» **WHAT IS BEING ASKED**:
Would you please retype, exactly, the lines of the listing below between the line with "Numbers: x, y, z, sx, sy, sz, roll, pitch, yaw. Meters" and the line with "euler=(16, 22, 9))", inclusive?

» **DATASET EXTRACT**:
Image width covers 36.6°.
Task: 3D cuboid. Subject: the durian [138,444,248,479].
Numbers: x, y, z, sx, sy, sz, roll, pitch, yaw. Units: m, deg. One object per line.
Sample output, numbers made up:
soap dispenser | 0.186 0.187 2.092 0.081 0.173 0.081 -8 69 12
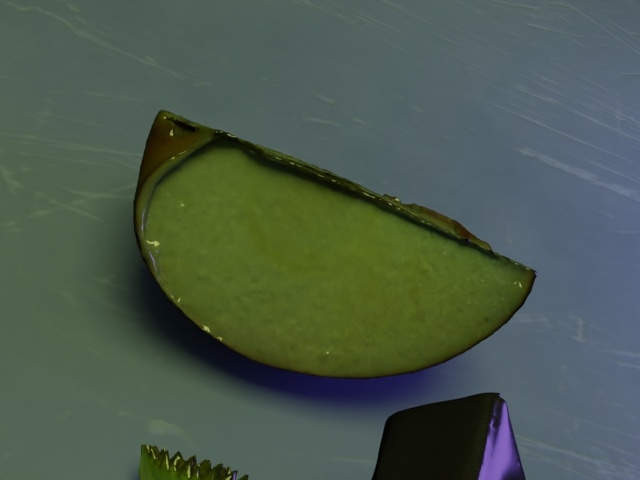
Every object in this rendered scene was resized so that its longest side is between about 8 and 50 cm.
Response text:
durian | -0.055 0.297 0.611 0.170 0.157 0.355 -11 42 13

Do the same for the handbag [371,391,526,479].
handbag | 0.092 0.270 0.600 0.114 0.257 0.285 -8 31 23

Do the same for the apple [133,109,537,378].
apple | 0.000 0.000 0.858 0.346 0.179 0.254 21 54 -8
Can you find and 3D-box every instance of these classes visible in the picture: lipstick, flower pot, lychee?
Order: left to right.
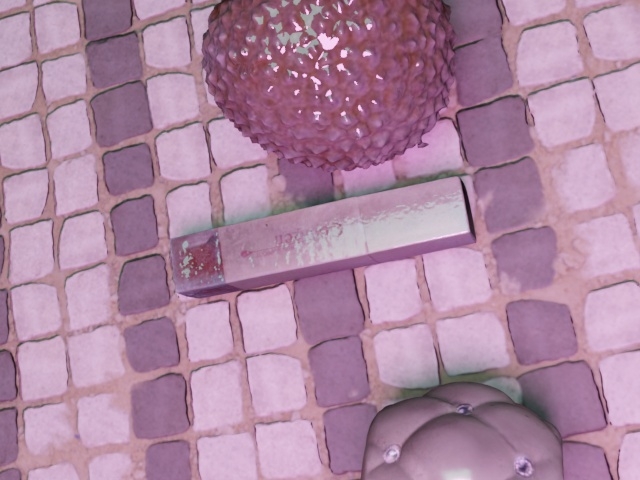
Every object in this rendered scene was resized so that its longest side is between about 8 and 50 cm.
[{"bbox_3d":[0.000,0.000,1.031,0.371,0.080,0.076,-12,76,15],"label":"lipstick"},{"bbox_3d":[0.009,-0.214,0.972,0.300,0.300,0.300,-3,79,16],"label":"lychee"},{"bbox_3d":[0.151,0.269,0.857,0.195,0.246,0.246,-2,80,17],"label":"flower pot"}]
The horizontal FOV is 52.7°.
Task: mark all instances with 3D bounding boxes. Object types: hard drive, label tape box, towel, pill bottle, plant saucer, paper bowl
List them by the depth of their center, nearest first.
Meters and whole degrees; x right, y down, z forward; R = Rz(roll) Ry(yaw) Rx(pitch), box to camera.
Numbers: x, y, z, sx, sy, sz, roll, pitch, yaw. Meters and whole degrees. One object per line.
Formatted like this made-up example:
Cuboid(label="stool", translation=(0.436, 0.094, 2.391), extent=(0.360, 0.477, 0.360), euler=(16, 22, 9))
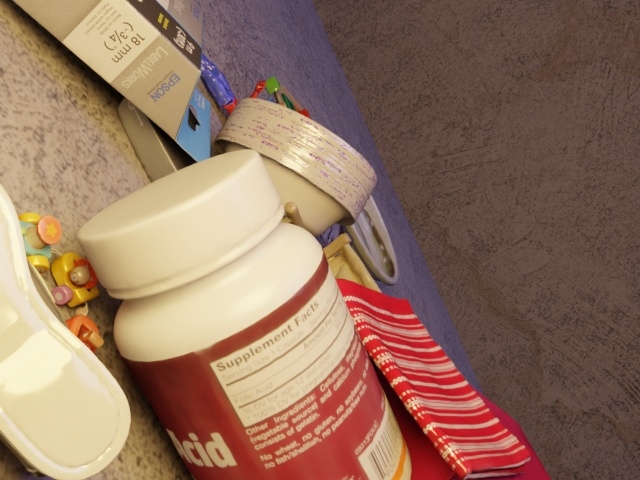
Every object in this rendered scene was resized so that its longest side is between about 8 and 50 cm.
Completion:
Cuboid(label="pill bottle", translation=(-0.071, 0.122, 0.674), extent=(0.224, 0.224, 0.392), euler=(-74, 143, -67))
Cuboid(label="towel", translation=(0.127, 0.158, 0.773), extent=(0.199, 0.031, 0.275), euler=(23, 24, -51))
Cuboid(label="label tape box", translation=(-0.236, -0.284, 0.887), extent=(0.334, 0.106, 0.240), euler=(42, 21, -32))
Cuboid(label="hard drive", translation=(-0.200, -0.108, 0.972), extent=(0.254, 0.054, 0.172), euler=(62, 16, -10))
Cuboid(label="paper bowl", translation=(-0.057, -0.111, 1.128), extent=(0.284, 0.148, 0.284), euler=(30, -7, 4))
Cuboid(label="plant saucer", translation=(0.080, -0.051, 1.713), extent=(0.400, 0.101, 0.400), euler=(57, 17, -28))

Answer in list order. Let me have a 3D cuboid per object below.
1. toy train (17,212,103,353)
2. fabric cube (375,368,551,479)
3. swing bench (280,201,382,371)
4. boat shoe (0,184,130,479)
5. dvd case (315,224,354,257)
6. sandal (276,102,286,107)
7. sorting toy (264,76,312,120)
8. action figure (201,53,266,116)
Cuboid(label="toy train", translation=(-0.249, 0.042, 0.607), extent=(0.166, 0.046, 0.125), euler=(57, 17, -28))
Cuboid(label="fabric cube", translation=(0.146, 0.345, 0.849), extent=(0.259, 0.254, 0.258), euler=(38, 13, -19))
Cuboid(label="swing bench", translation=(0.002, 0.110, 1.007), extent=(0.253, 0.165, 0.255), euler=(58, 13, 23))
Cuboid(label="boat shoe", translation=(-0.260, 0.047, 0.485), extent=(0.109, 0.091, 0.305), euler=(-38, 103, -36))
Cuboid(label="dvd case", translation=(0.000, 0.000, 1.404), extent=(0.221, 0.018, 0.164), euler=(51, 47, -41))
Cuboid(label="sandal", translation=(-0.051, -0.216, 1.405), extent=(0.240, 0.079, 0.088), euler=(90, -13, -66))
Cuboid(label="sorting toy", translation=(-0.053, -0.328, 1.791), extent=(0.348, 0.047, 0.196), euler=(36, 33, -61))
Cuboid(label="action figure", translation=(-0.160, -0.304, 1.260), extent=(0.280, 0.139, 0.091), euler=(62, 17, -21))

==

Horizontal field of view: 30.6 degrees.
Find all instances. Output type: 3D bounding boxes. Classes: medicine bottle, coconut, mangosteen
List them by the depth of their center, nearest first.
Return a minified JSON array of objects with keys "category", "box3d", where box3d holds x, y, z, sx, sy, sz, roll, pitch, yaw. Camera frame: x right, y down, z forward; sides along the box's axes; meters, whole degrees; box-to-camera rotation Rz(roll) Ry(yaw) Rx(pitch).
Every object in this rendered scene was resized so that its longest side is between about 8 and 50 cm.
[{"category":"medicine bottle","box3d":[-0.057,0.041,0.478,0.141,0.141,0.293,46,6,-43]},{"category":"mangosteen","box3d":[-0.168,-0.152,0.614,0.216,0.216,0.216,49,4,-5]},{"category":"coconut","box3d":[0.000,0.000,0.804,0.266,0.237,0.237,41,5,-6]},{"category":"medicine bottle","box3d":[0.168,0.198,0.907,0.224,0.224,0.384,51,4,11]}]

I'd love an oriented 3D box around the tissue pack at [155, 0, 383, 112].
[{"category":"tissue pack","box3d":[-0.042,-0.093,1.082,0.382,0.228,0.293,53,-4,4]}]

» **SOLVED PROBLEM**:
Numbers: x, y, z, sx, sy, sz, roll, pitch, yaw. Meters and whole degrees. One object per line.
Formatted like this made-up example:
Cuboid(label="stool", translation=(0.436, 0.094, 2.391), extent=(0.360, 0.477, 0.360), euler=(16, 22, 9))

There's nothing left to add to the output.